Use npu-driver-upgrade.skip to hold back upgrades. Use npu.deploy.skip only when you want to exclude the node from NPU workloads entirely. See Workload Labeling by Node for the full npu.deploy.skip workflow.

Inspecting state¶

To see which nodes are excluded and where the remaining nodes are in the upgrade state machine:

$ kubectl get nodes \
  -L rebellions.ai/npu.present \
  -L rebellions.ai/npu-driver-upgrade-state \
  -L rebellions.ai/npu-driver-upgrade.skip

Verifying the Running Driver¶

To confirm the driver pod has loaded the kernel module and the expected KMD version is in use, run rbln-smi inside the driver container on the target node.

First, find the driver pod for the node.

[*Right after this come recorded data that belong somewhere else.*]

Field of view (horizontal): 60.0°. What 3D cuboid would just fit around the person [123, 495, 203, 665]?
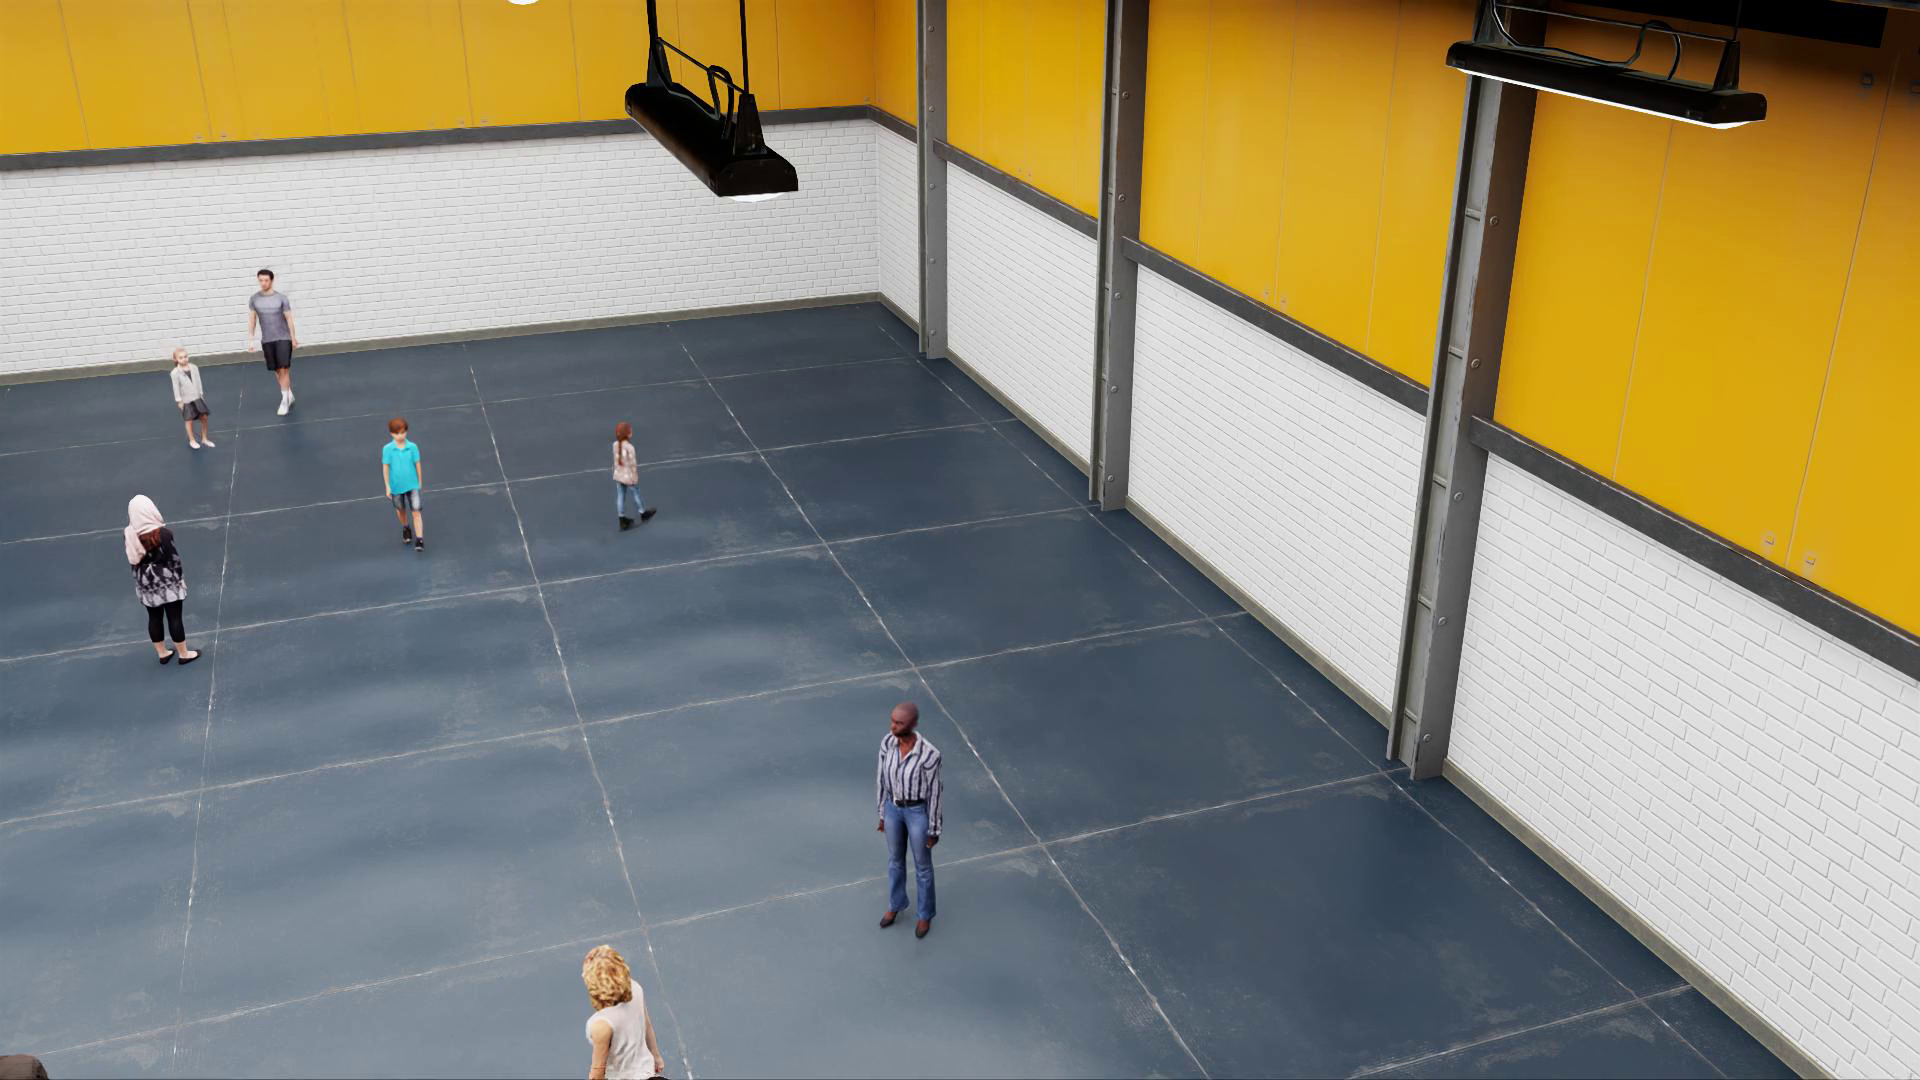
[{"bbox_3d":[-7.205,0.354,14.942,0.734,1.638,0.760,3,24,6],"label":"person"}]

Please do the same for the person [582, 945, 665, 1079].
[{"bbox_3d":[-1.729,2.952,9.020,1.066,1.621,1.108,6,24,14],"label":"person"}]

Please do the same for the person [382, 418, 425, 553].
[{"bbox_3d":[-5.833,-0.598,17.411,0.538,1.405,0.960,-8,25,-17],"label":"person"}]

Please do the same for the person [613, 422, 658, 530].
[{"bbox_3d":[-3.627,-0.677,17.873,0.730,1.181,0.769,14,27,29],"label":"person"}]

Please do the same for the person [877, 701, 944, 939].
[{"bbox_3d":[-0.340,1.875,11.269,0.697,1.794,0.772,12,26,26],"label":"person"}]

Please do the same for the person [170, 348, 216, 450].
[{"bbox_3d":[-9.371,-1.732,20.180,0.697,1.264,0.639,20,30,38],"label":"person"}]

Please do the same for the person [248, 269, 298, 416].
[{"bbox_3d":[-8.788,-2.602,21.444,0.894,1.848,1.094,1,24,3],"label":"person"}]
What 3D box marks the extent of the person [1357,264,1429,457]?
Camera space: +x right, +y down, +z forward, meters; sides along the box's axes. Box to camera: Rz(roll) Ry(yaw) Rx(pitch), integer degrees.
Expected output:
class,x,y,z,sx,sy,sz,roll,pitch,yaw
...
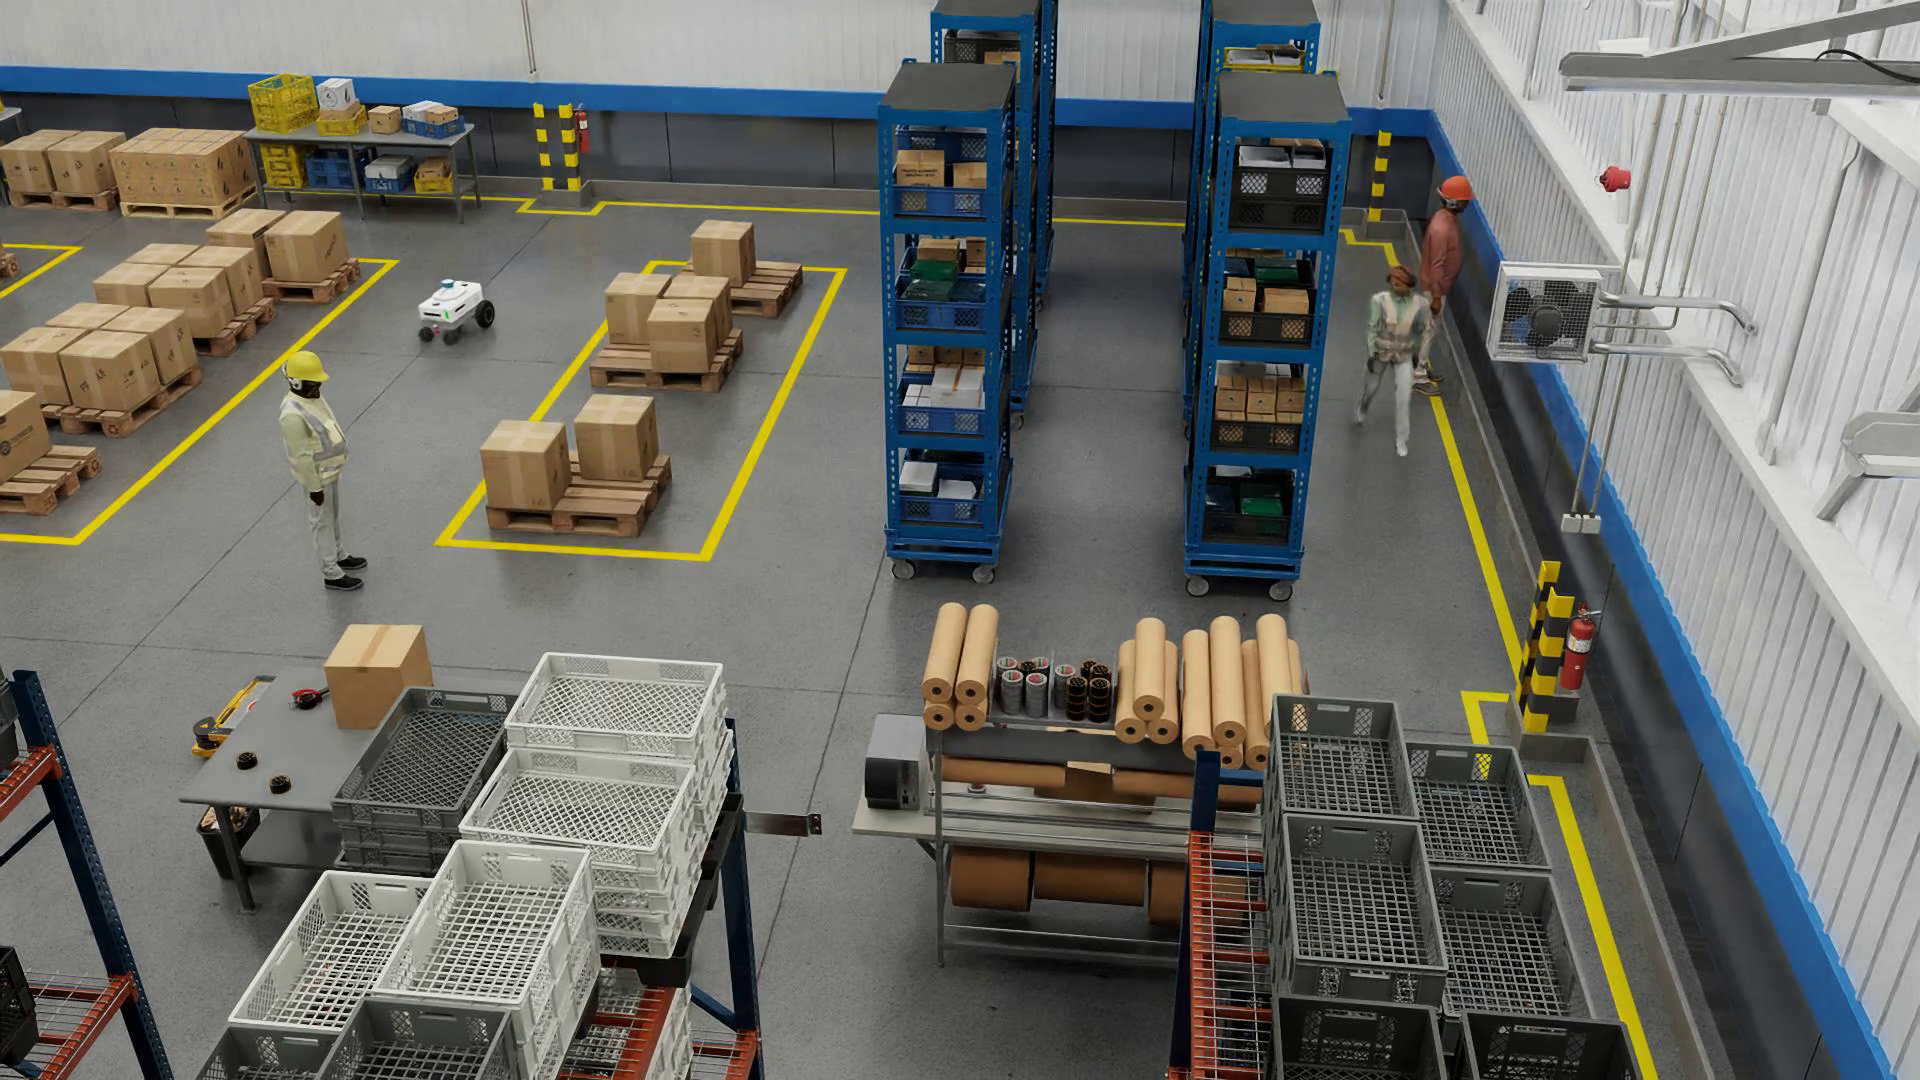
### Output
class,x,y,z,sx,sy,sz,roll,pitch,yaw
person,3.661,-1.581,14.046,0.507,1.604,0.719,4,30,6

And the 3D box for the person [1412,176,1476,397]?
class,x,y,z,sx,sy,sz,roll,pitch,yaw
person,4.289,-2.283,14.867,0.389,1.991,0.622,9,31,15

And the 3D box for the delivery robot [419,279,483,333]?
class,x,y,z,sx,sy,sz,roll,pitch,yaw
delivery robot,-4.962,-2.299,16.225,0.477,0.478,0.707,8,31,13

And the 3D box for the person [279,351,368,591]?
class,x,y,z,sx,sy,sz,roll,pitch,yaw
person,-4.602,-0.510,11.991,0.403,1.822,0.588,-4,30,-8

Driver pods follow the rbln-driver-<os>-<kernel>-<hash> name pattern (see Driver Image Selection):

$ kubectl get pods -n rbln-system -o wide | grep rbln-driver

Then exec into the rbln-driver-container and invoke rbln-smi:

$ kubectl exec -n rbln-system <driver-pod> -c rbln-driver-container -- rbln-smi

The header reports the running KMD version, and the device table lists the NPUs the driver has bound on this node:

+-------------------------------------------------------------------------------------------------+
|                                Device Information KMD ver: 3.0.0                                |
+-----+-----------+---------+---------------+------+---------+------+---------------------+-------+
| NPU |    Name   | Device  |   PCI BUS ID  | Temp |  Power  | Perf |  Memory(used/total) |  Util |
+=====+===========+=========+===============+======+=========+======+=====================+=======+
| 0   | RBLN-CA25 | rbln0   |  0000:05:00.0 |  37C |  58.7W  | P14  |    0.0B / 15.7GiB   |   0.0 |
| 1   |           | rbln1   |  0000:06:00.0 |  39C |         | P14  |    0.0B / 15.7GiB   |   0.0 |
+-----+-----------+---------+---------------+------+---------+------+---------------------+-------+

After an upgrade, the KMD ver line should match spec.version in your RBLNDriver.